LLM designed packaging is here

I got a snack box on my Alaska flight from Seattle to Salt Lake City, and when I looked at the bag of chips, something seemed off. I could not immediately put my finger on it, so I started eating. And then about halfway through, it dawned on me: I’m pretty sure the packaging was designed by an LLM.

I think this packaging was designed by an LLM.

Often, LLM images have this uncanny quality. It’s hard to explain, but once you see it, you cannot “unsee”. It’s usually a subtle detail that your brain just flags as looking “wrong”.

Even more frequently, the text in the LLM image will be wrong. Sometimes it just outright makes no sense, such as in these tie tying instructions in the style of Hokusai. The numbers are all over the place, and not even sequential. Also, they aren't always legible.

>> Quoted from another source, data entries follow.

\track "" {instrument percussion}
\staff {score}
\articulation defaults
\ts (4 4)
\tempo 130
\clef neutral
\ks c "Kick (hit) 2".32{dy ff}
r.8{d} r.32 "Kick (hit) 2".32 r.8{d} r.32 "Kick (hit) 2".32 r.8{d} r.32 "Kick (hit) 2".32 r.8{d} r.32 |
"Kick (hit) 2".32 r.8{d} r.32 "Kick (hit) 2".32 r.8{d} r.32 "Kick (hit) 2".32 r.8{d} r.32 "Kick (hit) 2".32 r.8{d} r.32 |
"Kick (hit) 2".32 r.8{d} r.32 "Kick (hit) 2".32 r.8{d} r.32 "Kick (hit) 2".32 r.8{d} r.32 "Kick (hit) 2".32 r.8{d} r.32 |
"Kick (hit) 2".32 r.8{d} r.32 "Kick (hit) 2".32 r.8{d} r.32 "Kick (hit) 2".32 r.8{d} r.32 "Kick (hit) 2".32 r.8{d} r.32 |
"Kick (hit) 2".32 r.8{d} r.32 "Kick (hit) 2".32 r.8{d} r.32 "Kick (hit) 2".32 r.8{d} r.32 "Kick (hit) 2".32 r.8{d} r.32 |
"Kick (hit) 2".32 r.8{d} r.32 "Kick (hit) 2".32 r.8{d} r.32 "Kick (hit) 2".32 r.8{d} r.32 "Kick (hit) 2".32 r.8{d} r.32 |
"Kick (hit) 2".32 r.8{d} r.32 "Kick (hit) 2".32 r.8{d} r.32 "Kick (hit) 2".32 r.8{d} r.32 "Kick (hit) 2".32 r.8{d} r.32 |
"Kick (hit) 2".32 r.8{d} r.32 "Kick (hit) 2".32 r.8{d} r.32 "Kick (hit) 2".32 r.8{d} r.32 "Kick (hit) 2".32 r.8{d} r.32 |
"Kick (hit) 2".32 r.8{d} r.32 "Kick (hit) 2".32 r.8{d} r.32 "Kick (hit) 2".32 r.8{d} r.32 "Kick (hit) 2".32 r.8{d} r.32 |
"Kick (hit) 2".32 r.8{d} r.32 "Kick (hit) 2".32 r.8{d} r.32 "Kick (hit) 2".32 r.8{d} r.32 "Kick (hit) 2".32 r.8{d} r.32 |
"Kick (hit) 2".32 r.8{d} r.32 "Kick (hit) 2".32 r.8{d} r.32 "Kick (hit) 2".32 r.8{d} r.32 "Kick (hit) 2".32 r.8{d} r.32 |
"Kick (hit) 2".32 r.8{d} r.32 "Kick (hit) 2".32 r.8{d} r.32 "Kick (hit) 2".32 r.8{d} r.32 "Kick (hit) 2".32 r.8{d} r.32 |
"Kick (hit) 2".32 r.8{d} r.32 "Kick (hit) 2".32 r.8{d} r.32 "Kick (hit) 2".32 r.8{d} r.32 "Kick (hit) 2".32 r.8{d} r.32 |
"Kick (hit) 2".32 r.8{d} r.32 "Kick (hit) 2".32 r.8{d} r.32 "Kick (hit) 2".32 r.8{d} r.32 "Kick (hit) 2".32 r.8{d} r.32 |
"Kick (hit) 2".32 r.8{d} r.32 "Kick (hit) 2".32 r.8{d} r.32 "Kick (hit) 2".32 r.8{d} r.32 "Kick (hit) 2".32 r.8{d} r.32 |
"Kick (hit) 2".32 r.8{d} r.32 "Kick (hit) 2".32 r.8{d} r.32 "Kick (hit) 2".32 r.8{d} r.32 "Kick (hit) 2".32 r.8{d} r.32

"How to tie a tie in the style of Hokusai", version 1, generated by DALL-E

"How to tie a tie in the style of Hokusai", version 2, generated by DALL-E

At other times, the errors are more subtle. It might be a sneaky typo, or an unexpectedly repeated letter. Either way, for some reason LLMs really struggle with rendering text inside images.

"I O Llove you Anna" Valentine's card, generated by DALL-E at my husband's request

So when I took a closer look at the bag of chips in my hand, I realized that the text written in the script font is not what it’s supposed to be. It looks plausibly close, but if you read carefully, it actually says “Sea Snlt nnd Humuus” (I added the letters in red for reference), not “Sea Salt and Hummus” (as it does on the back).

"Sea Snlt nnd Humuus" on the front (red text was added by me)

"Sea salt and hummus" on the back

Now, why am I so sure this is not just human error? After all, schools in the US had stopped teaching script handwriting for a while, and there are probably some designers who struggle to read script fonts. The designer making this packaging could have had such a struggle (which they would probably be too embarrassed to admit to anyone), and they could have typed the text wrong. However, I think the LLM theory makes more sense once you take a close look at the typos. Why would anyone repeatedly type “n” instead of “a”? Also, if I had to guess, when the text is first typed into whatever graphic design program is used, it probably defaults to a generic sans-serif, and only later the designer adjusts it to match the look they are going for.

Also, consider the fact that the text looks “about right” at a first glance. I bet a person reviewed it quickly, and approved the design without much further thought.

So why do LLMs struggle with "text in images" so much?

I don't think anyone knows the answer, but I have a pet theory based on my inconsistent ability to recognize text in my dreams.

In some dreams, I see and read text, and have no problem understanding it. Sometimes it's a page in a book, and sometimes just a line of text, but it feels pretty much the same as it does when I'm awake.

However, at other times, I see text and recognize it as text, but when I try to understand the meaning, I completely fail. One particular example I remember had a speed limit sign, and I knew it was one, but I could not for the life of my dreaming self figure out what the number on the sign was. And there are many other dreams that I cannot quite recall that ended in me trying, trying, and failing to read some text, and waking up in frustration moments later.

I wonder if LLMs have the same kind of problem, where they can’t quite read text because something in their model is not lined up exactly right, like in a dream. They might be able to figure out the typeface (just like I can in most of those dreams), and get the general idea of what the text might mean based on the context, but lack the ability to parse it. And when they are asked to generate text, what they recall is not exactly right, and so it only kind of makes sense.

However, I think we will continue to see more AI-assisted design, and more examples of this "text glitch" making their way into final products. And honestly I don't think there is anything wrong with using an LLM to help with the initial design if the project is on a tight timeline and has a low budget. It will probably give a better result that a person from one of those "cheap design" websites that I am not going to mention by name. But I do still think it's embarrassing to let the typos sneak into the final product.

And most likely, in the near future, there will be a "split" in the design space. There will be dirt-cheap AI-made designs that are "good enough" (except when they are not), and there will be expensive human-created ones for those who care, or who want to show off their status and wealth.